The iOS 5 Developer's Cookbook: Core Concepts and Essential Recipes for iOS Programmers Book Review

This book is much more than just a cookbook with a bunch of recipes in it. I have used plenty of cookbooks and they are never readable from cover to cover. I usually just familiarize myself with the recipes that are available, read the ones interesting to me at the time, and throw them on the shelf until I need them. This one I have not been able to put down.

The author does a great job of mixing a traditional book with a recipe book. Most chapters contain both background information and recipes. Some chapters are mostly made up of recipes, and the first three chapters contain none to a very few. The first three chapters are dedicated to introducing the iOS SDk, Objective-C, and Xcode.

I have listed the chapters below to give you a high level view of the topics covered.

Introducing the iOS SDK
Objective-C Boot Camp
Building Your First Project
Designing Interfaces
Working with View Controllers
Assembling Views and Animations
Working with Images
Gestures and Touches
Building and Using Controls
Working with Text
Creating and Managing Table Views
A Taste of Core Data
Alerting the User
Device Capabilities
Networking

This book lives up to the cookbook title. There is tons of code that comes with it and it is all very well organized and usable. The only thing I didn't like was that the author used HelloWorld.xcodeproj for the project name every time. After you open a few projects you have to go to Finder and the actual folder to reopen a specific one because all your shortcuts are HelloWorld.xcodeproj. I do like that the samples are built to run on both the iPad and iPhone, and that they run without the need to tweak them.

This book covers a ton of material, but of course I always would like to see more. The thing I would like to see most in a fourth edition of this book is much more coverage of dealing with security on web services and JSON over REST. I am using the NSJSONSerialization class, which the author only lightly touches on in the book and provides a small sample application.
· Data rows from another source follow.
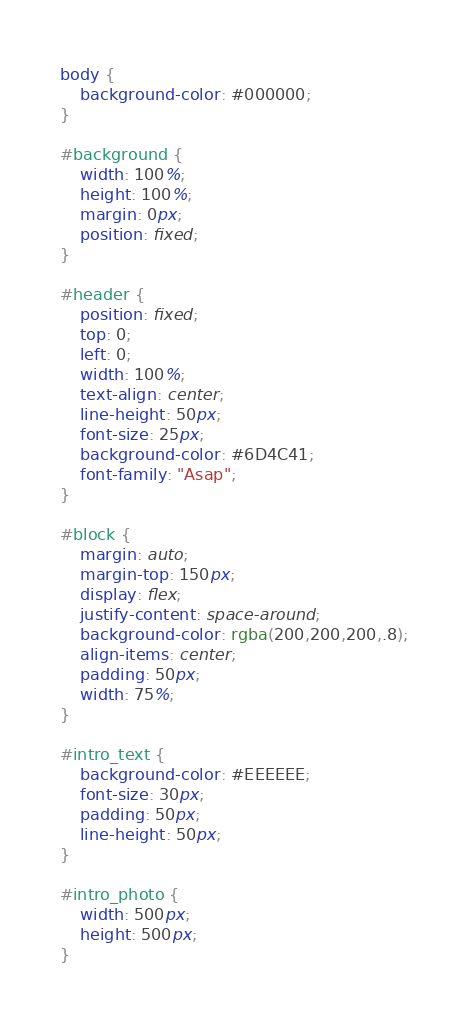Convert code to text. <code><loc_0><loc_0><loc_500><loc_500><_CSS_>body {
	background-color: #000000;
}

#background {
	width: 100%;
	height: 100%;
	margin: 0px;
	position: fixed;
}

#header {
	position: fixed;
	top: 0;
	left: 0;
	width: 100%;
	text-align: center;
	line-height: 50px;
	font-size: 25px;
	background-color: #6D4C41;
	font-family: "Asap";
}

#block {
	margin: auto;
	margin-top: 150px;
	display: flex;
	justify-content: space-around;
	background-color: rgba(200,200,200,.8);
	align-items: center;
	padding: 50px;
	width: 75%;
}

#intro_text {
	background-color: #EEEEEE;
	font-size: 30px;
	padding: 50px;
	line-height: 50px;
}

#intro_photo {
	width: 500px;
	height: 500px;
}</code>

I am not going to ding the book for not providing detailed coverage of dealing with security on web services and JSON over REST because it covers so much already in such great detail. No one is covering web services in enough detail for me, and although several authors have said there are plenty of resources on the web, there aren't. Especially when it comes to samples that also include security. Apple's developer documentation is greatly lacking in this area also. They provide plenty of theory, but no good clean concrete samples.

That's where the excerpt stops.